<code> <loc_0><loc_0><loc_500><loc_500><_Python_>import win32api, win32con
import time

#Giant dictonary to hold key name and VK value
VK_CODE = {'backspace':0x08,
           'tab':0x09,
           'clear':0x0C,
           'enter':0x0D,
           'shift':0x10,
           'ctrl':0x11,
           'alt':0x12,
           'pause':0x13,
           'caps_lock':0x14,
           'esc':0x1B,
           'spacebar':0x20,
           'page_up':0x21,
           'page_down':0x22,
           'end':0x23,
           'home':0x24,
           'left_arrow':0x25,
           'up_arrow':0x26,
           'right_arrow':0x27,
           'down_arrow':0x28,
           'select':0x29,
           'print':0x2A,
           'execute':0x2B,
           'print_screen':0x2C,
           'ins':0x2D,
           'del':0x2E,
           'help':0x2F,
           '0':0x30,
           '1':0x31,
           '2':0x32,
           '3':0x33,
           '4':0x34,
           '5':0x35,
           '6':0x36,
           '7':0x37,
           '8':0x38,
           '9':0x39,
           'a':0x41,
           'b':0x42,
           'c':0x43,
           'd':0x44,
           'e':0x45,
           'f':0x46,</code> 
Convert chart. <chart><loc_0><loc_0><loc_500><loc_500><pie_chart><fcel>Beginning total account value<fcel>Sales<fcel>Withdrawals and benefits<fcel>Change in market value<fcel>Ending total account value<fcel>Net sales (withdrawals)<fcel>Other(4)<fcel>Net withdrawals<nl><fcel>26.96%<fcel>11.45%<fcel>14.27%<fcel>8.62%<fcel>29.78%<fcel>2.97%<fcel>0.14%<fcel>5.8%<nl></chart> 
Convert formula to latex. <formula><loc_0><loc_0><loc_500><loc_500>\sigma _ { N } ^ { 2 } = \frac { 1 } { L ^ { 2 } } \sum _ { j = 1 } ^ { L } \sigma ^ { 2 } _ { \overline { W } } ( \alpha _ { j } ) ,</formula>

§ ACTION ITEM
The listing above is to be transcribed in full, with no line omitted.

§ WORKED SOLUTION
<code> <loc_0><loc_0><loc_500><loc_500><_Python_>import win32api, win32con
import time

#Giant dictonary to hold key name and VK value
VK_CODE = {'backspace':0x08,
           'tab':0x09,
           'clear':0x0C,
           'enter':0x0D,
           'shift':0x10,
           'ctrl':0x11,
           'alt':0x12,
           'pause':0x13,
           'caps_lock':0x14,
           'esc':0x1B,
           'spacebar':0x20,
           'page_up':0x21,
           'page_down':0x22,
           'end':0x23,
           'home':0x24,
           'left_arrow':0x25,
           'up_arrow':0x26,
           'right_arrow':0x27,
           'down_arrow':0x28,
           'select':0x29,
           'print':0x2A,
           'execute':0x2B,
           'print_screen':0x2C,
           'ins':0x2D,
           'del':0x2E,
           'help':0x2F,
           '0':0x30,
           '1':0x31,
           '2':0x32,
           '3':0x33,
           '4':0x34,
           '5':0x35,
           '6':0x36,
           '7':0x37,
           '8':0x38,
           '9':0x39,
           'a':0x41,
           'b':0x42,
           'c':0x43,
           'd':0x44,
           'e':0x45,
           'f':0x46,</code> 
Convert chart. <chart><loc_0><loc_0><loc_500><loc_500><pie_chart><fcel>Beginning total account value<fcel>Sales<fcel>Withdrawals and benefits<fcel>Change in market value<fcel>Ending total account value<fcel>Net sales (withdrawals)<fcel>Other(4)<fcel>Net withdrawals<nl><fcel>26.96%<fcel>11.45%<fcel>14.27%<fcel>8.62%<fcel>29.78%<fcel>2.97%<fcel>0.14%<fcel>5.8%<nl></chart> 
Convert formula to latex. <formula><loc_0><loc_0><loc_500><loc_500>\sigma _ { N } ^ { 2 } = \frac { 1 } { L ^ { 2 } } \sum _ { j = 1 } ^ { L } \sigma ^ { 2 } _ { \overline { W } } ( \alpha _ { j } ) ,</formula>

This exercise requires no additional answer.